Each serving contains

  • Energy

  • Fat

    8g 11%
  • Saturates

    1g 6%
  • Sugars

    15g 17%
  • Salt

    0.2g 3%

of the reference intake
Carbohydrate 16.7g Protein 4.4g Fibre 6.4g


  1. Heat half the oil in a large frying pan over a medium heat and cook the onions for 4-5 mins, stirring, until softened. Reduce the heat to low and add the garlic; cook for 1 min. 
  2. Add the remaining oil to the pan and fry the aubergines over a medium heat for 4-5 mins, stirring, until starting to brown. 
  3. Transfer to a large slow-cooker (at least 5.5ltr capacity) along with the cooked onions, the courgettes, peppers, passata, tinned tomatoes, sugar, dried herbs, vinegar and half the parsley.

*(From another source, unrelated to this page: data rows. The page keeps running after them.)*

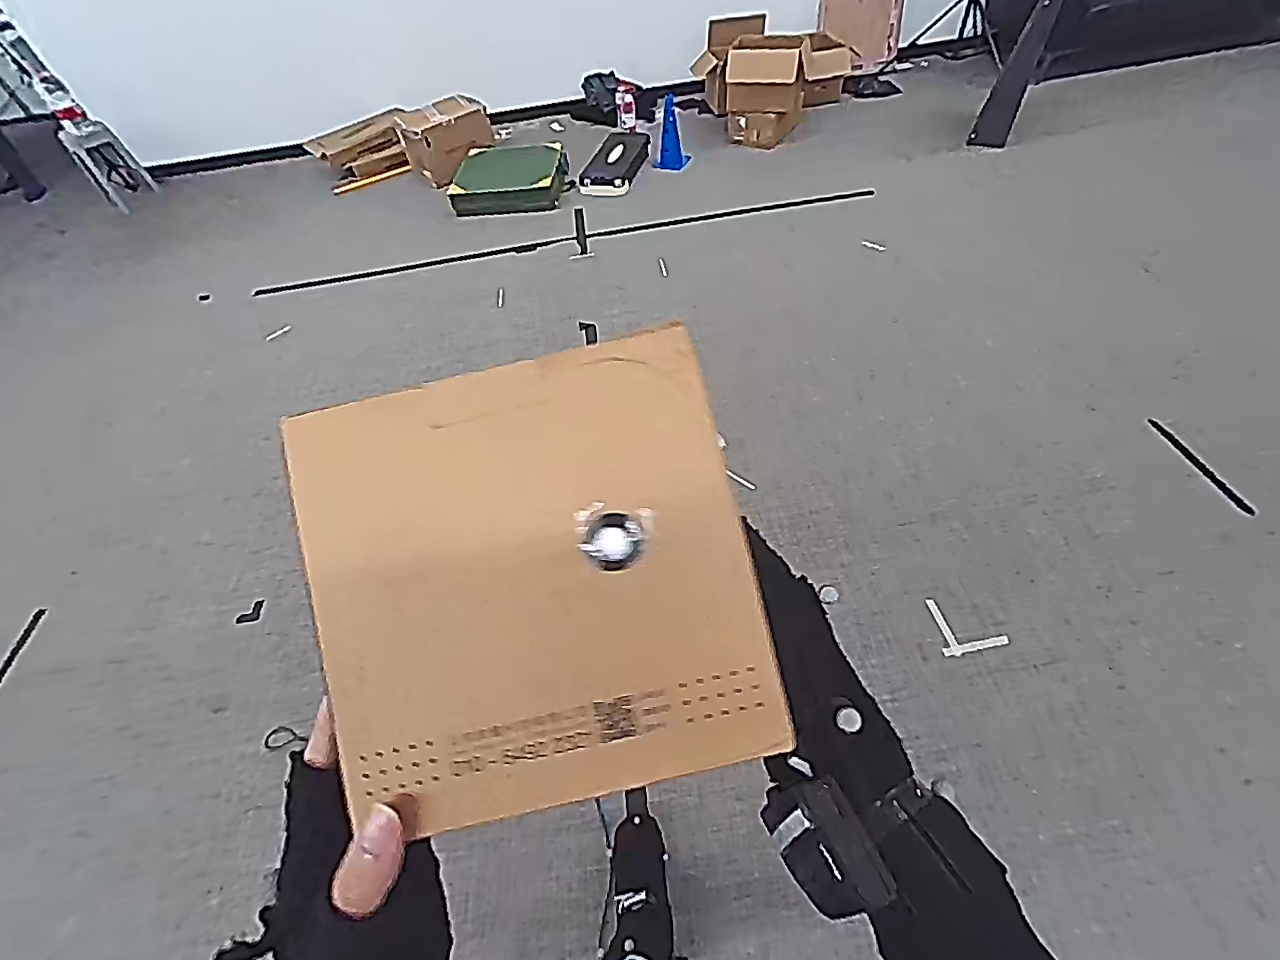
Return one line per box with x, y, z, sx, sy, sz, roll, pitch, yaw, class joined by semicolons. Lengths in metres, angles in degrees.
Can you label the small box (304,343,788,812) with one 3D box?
-0.035;0.049;0.290;0.168;0.179;0.176;-12;86;-1;small box
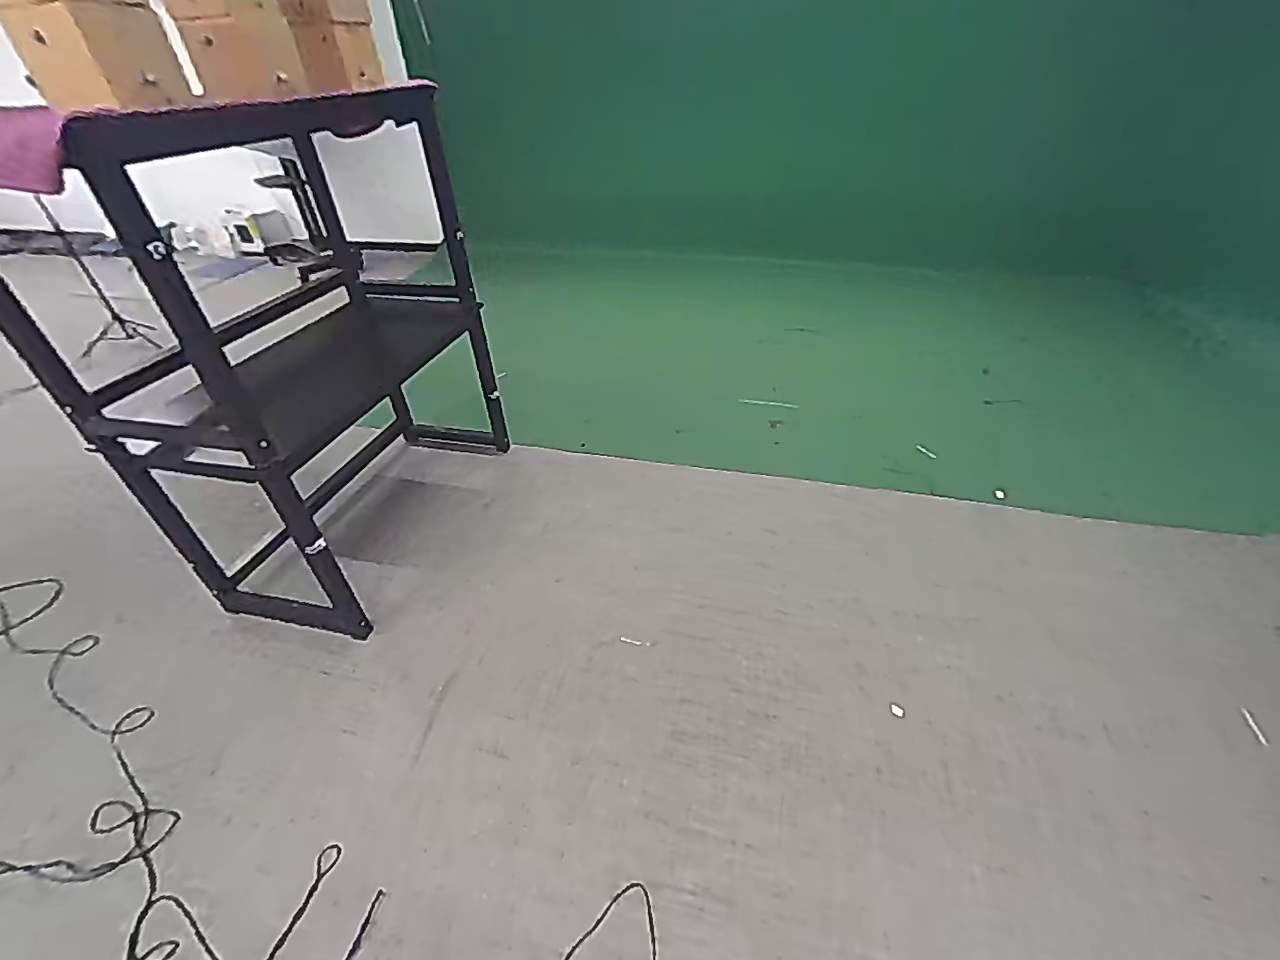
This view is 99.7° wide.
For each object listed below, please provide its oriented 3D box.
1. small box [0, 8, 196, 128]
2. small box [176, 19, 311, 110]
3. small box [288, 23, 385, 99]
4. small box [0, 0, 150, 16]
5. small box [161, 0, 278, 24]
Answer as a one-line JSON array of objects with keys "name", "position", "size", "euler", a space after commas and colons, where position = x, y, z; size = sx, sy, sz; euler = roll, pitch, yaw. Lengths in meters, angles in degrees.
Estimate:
[{"name": "small box", "position": [-1.036, -0.793, 1.050], "size": [0.179, 0.176, 0.168], "euler": [6, 40, 12]}, {"name": "small box", "position": [-0.968, -1.023, 1.337], "size": [0.179, 0.176, 0.168], "euler": [8, 40, 12]}, {"name": "small box", "position": [-0.895, -1.232, 1.594], "size": [0.179, 0.176, 0.168], "euler": [9, 40, 12]}, {"name": "small box", "position": [-1.043, -0.922, 0.951], "size": [0.179, 0.176, 0.168], "euler": [8, 40, 14]}, {"name": "small box", "position": [-0.984, -1.153, 1.238], "size": [0.179, 0.176, 0.168], "euler": [8, 40, 12]}]
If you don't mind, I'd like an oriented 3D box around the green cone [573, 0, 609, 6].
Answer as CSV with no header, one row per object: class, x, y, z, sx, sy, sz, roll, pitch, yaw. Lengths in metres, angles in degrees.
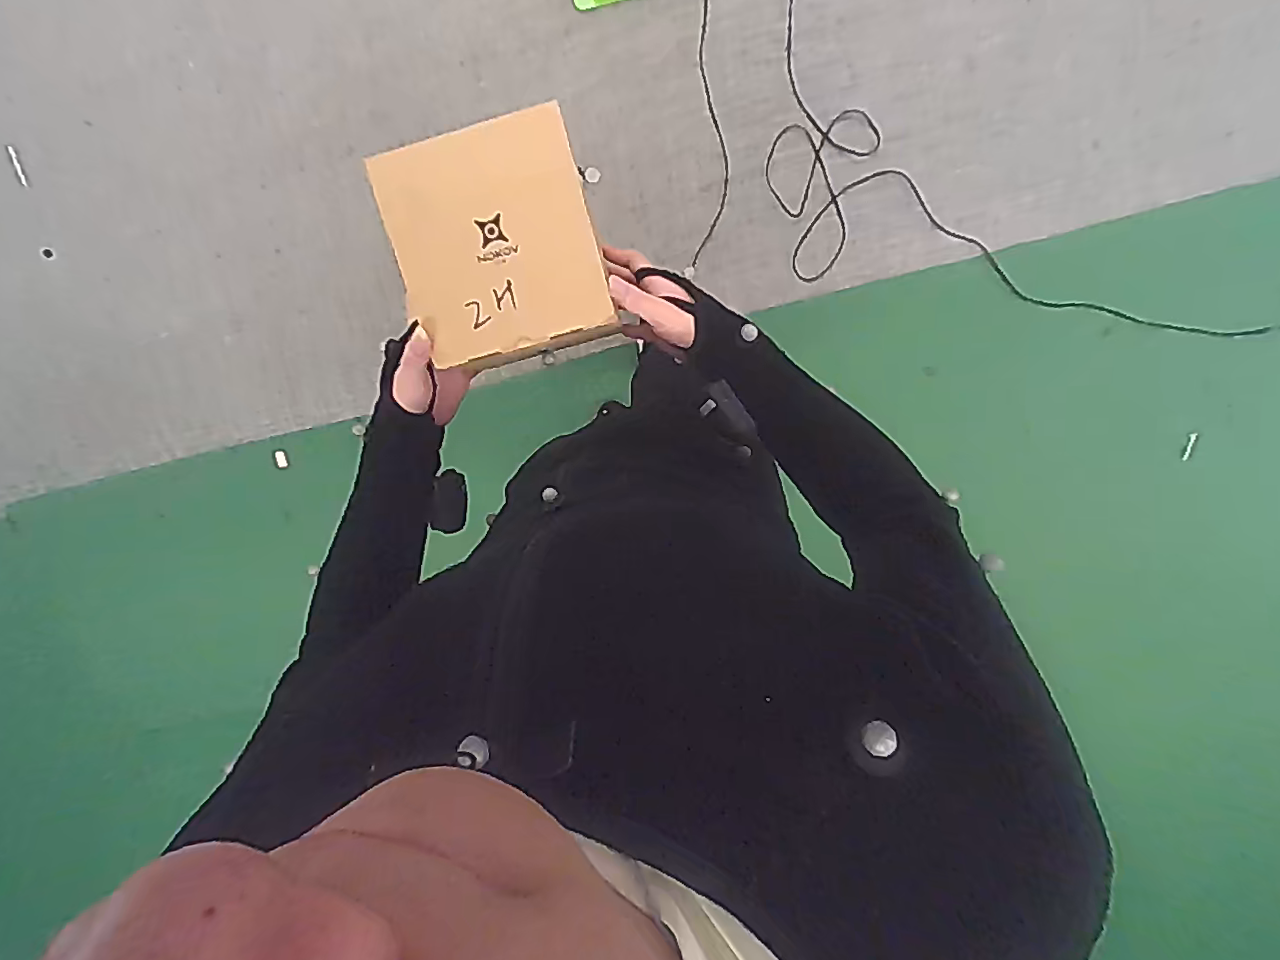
green cone,-0.094,-1.293,1.200,0.202,0.368,0.200,-13,101,2
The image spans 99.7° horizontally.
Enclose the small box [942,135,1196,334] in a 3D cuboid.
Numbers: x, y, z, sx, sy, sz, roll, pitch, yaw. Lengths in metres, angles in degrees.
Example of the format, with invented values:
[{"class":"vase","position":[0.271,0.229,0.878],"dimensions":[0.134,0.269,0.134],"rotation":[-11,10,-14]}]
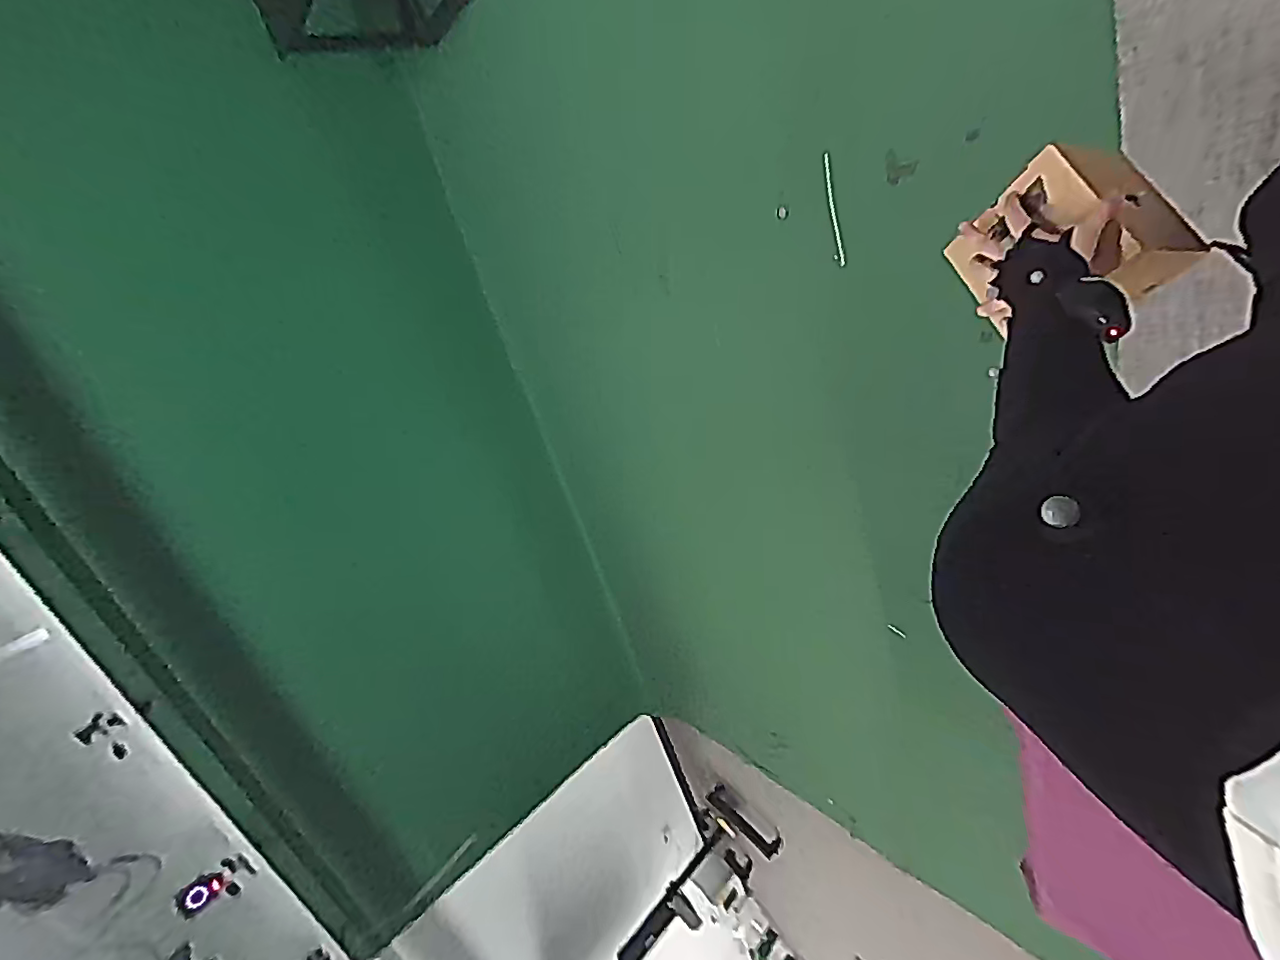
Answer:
[{"class":"small box","position":[0.557,-0.314,0.716],"dimensions":[0.179,0.176,0.168],"rotation":[69,153,20]}]
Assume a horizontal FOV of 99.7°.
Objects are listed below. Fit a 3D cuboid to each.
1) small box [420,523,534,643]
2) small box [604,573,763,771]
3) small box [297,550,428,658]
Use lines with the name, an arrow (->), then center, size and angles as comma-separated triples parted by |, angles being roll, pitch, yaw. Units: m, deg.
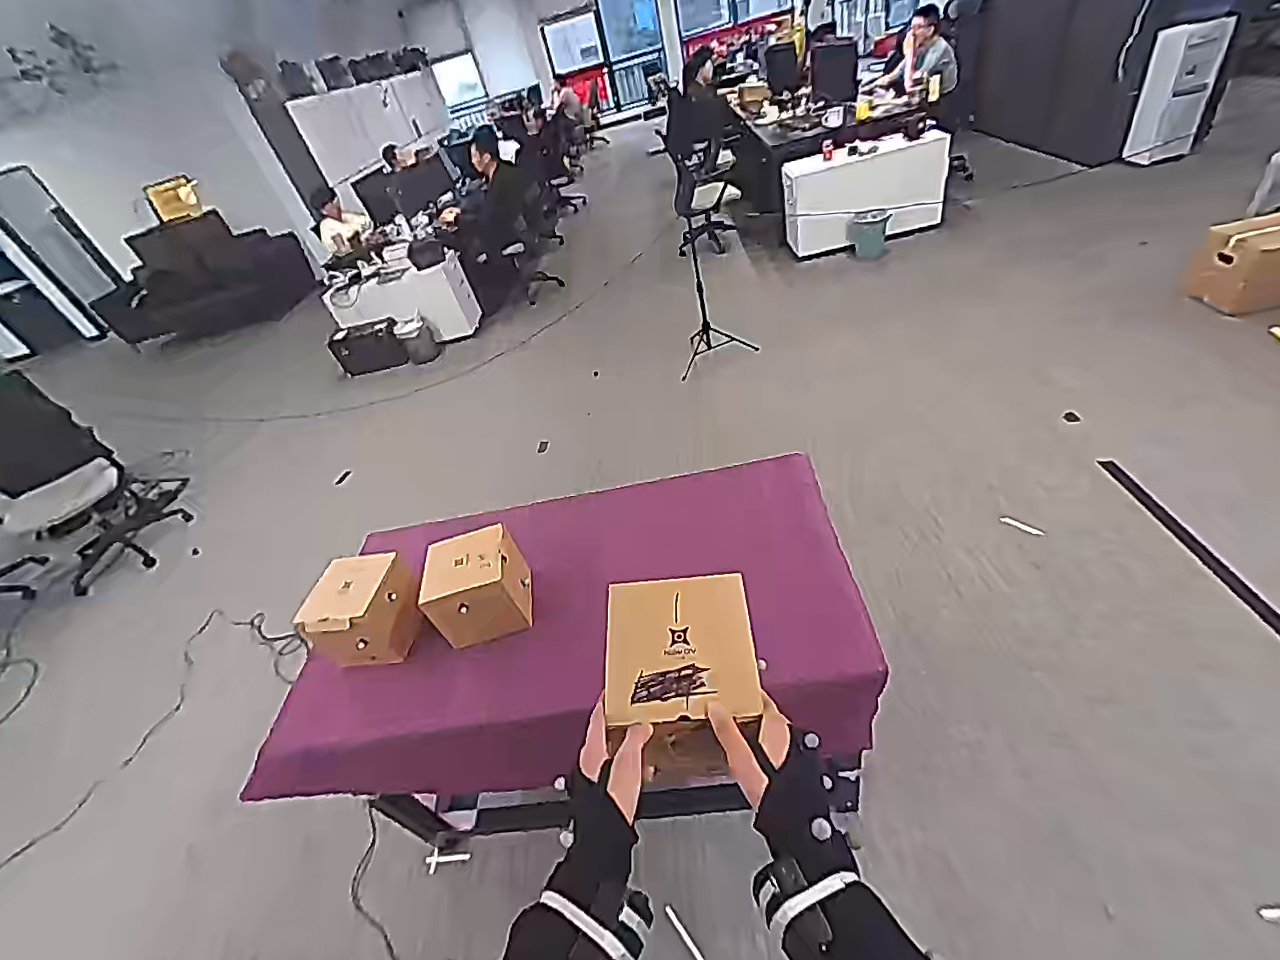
small box -> -0.343, 0.226, 1.169 | 0.179, 0.176, 0.168 | -16, 40, 1
small box -> 0.056, 0.238, 0.657 | 0.168, 0.176, 0.179 | -5, 44, 5
small box -> -0.597, 0.280, 1.197 | 0.168, 0.176, 0.179 | -6, 40, 11

Season, mix well, then cook on high for 3-4 hrs (or on low for 5-6 hrs), stirring occasionally, until the veg is soft and the sauce has thickened. Scatter over the remaining parsley and serve with crusty bread, if you like.

Cook's tip: No slowcooker? Put everything in a casserole dish, cover with a lid or a double layer of foil and cook in the oven at gas 2, 150°C, fan 130°C for 1 hr 30 mins, stirring halfway.